Dataset excerpts:
>>>

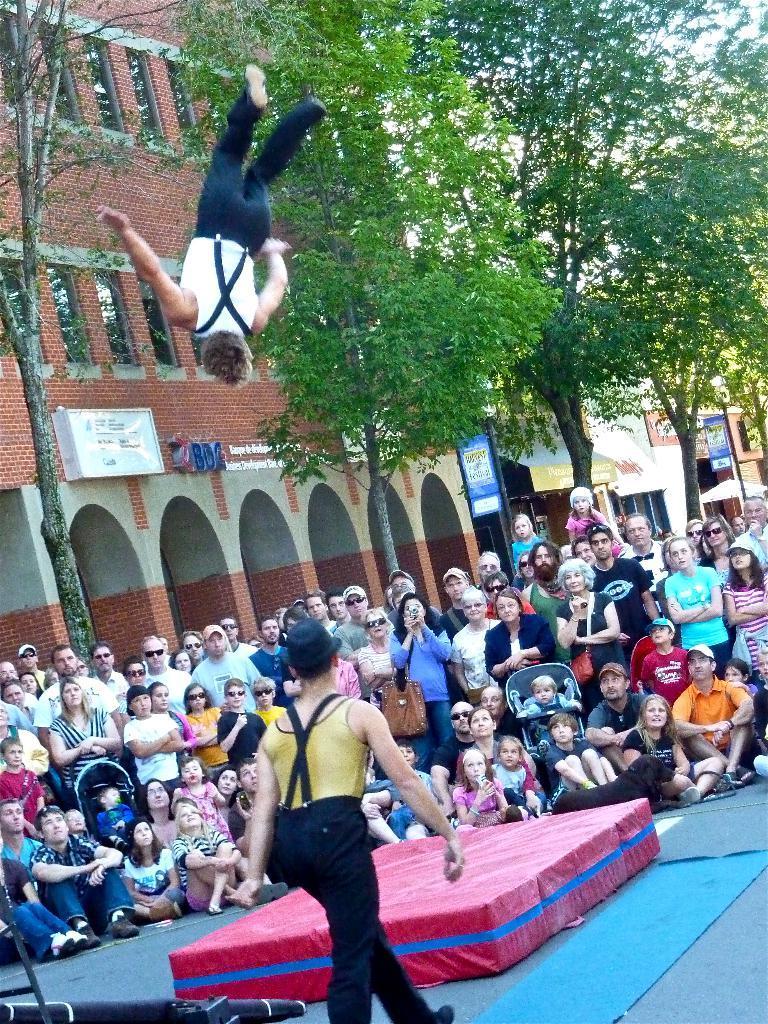How would you summarize this image in a sentence or two? In this image we can see a person flipping in air. At the bottom of the image there is a red color foam bed. There is a person walking. In the background of the image there are people, trees, buildings, boards with some text. 
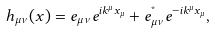Convert formula to latex. <formula><loc_0><loc_0><loc_500><loc_500>h _ { \mu \nu } ( x ) = e _ { \mu \nu } e ^ { i k ^ { \mu } x _ { \mu } } + e ^ { ^ { * } } _ { \mu \nu } e ^ { - i k ^ { \mu } x _ { \mu } } ,</formula> 
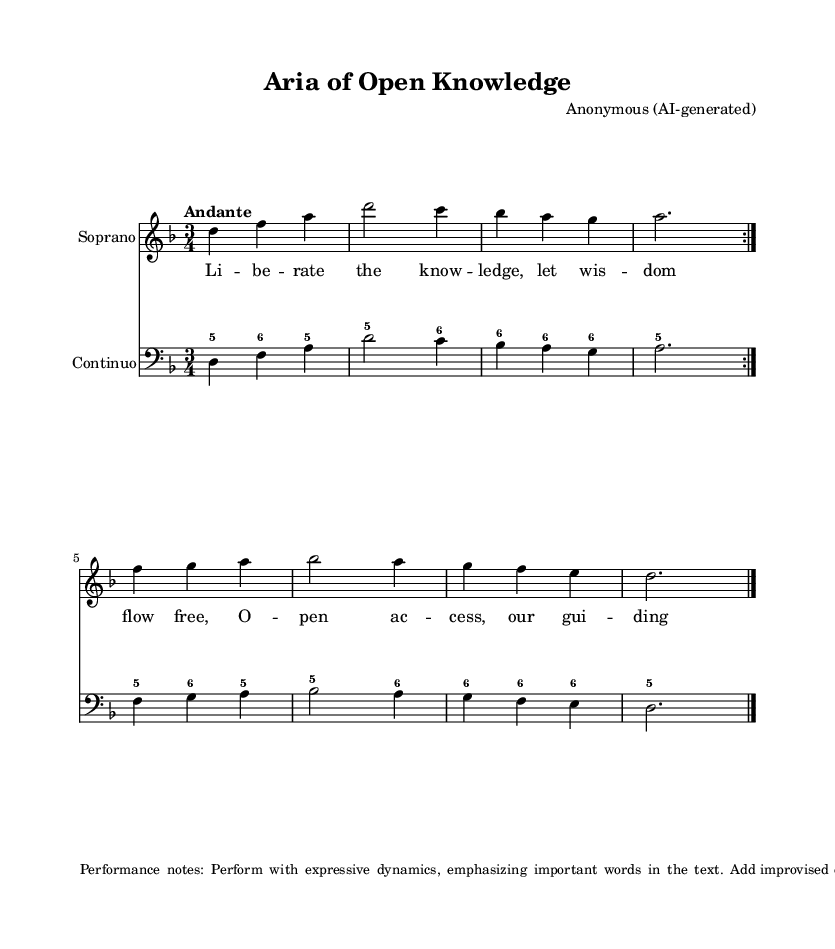What is the key signature of this music? The key signature is D minor, which has one flat (B flat). This can be determined by looking at the key signature at the beginning of the staff where the note B is indicated as flat.
Answer: D minor What is the time signature of this music? The time signature is 3/4, indicated at the beginning of the score. It shows that there are three beats in each measure and the quarter note gets one beat.
Answer: 3/4 What is the tempo marking for this piece? The tempo marking is "Andante". This is located at the beginning of the staff, indicating a moderately slow tempo.
Answer: Andante How many measures are in the A section before the repeat? There are four measures in the A section before the repeat. This can be identified by counting the measures in each part of the soprano line leading up to the first volta repeat sign.
Answer: 4 Which instruments are involved in the score? The score involves a Soprano voice and Continuo instrument. This is noted at the beginning of each staff where the instruments are labeled.
Answer: Soprano, Continuo What embellishments are suggested for the performance? The performance notes suggest adding improvised embellishments during the da capo repeat. This information is found in the markup at the bottom of the sheet music, which provides guidelines for expressive performance.
Answer: Improvised embellishments What is the main theme expressed in the lyrics of this aria? The main theme expressed in the lyrics is the idea of open access and freedom of knowledge. This can be understood by analyzing the words set to the music where phrases like "liberate the knowledge" highlight this theme.
Answer: Open access and knowledge freedom

<<<

Aim of the exercise:
A faithful copy is needed: reproduce all of the data above, leaving the pictures out.

Solution below:
How would you summarize this image in a sentence or two? In this image we can see a person flipping in air. At the bottom of the image there is a red color foam bed. There is a person walking. In the background of the image there are people, trees, buildings, boards with some text. 
Convert formula to latex. <formula><loc_0><loc_0><loc_500><loc_500>h _ { \mu \nu } ( x ) = e _ { \mu \nu } e ^ { i k ^ { \mu } x _ { \mu } } + e ^ { ^ { * } } _ { \mu \nu } e ^ { - i k ^ { \mu } x _ { \mu } } ,</formula> 
What is the key signature of this music? The key signature is D minor, which has one flat (B flat). This can be determined by looking at the key signature at the beginning of the staff where the note B is indicated as flat.
Answer: D minor What is the time signature of this music? The time signature is 3/4, indicated at the beginning of the score. It shows that there are three beats in each measure and the quarter note gets one beat.
Answer: 3/4 What is the tempo marking for this piece? The tempo marking is "Andante". This is located at the beginning of the staff, indicating a moderately slow tempo.
Answer: Andante How many measures are in the A section before the repeat? There are four measures in the A section before the repeat. This can be identified by counting the measures in each part of the soprano line leading up to the first volta repeat sign.
Answer: 4 Which instruments are involved in the score? The score involves a Soprano voice and Continuo instrument. This is noted at the beginning of each staff where the instruments are labeled.
Answer: Soprano, Continuo What embellishments are suggested for the performance? The performance notes suggest adding improvised embellishments during the da capo repeat. This information is found in the markup at the bottom of the sheet music, which provides guidelines for expressive performance.
Answer: Improvised embellishments What is the main theme expressed in the lyrics of this aria? The main theme expressed in the lyrics is the idea of open access and freedom of knowledge. This can be understood by analyzing the words set to the music where phrases like "liberate the knowledge" highlight this theme.
Answer: Open access and knowledge freedom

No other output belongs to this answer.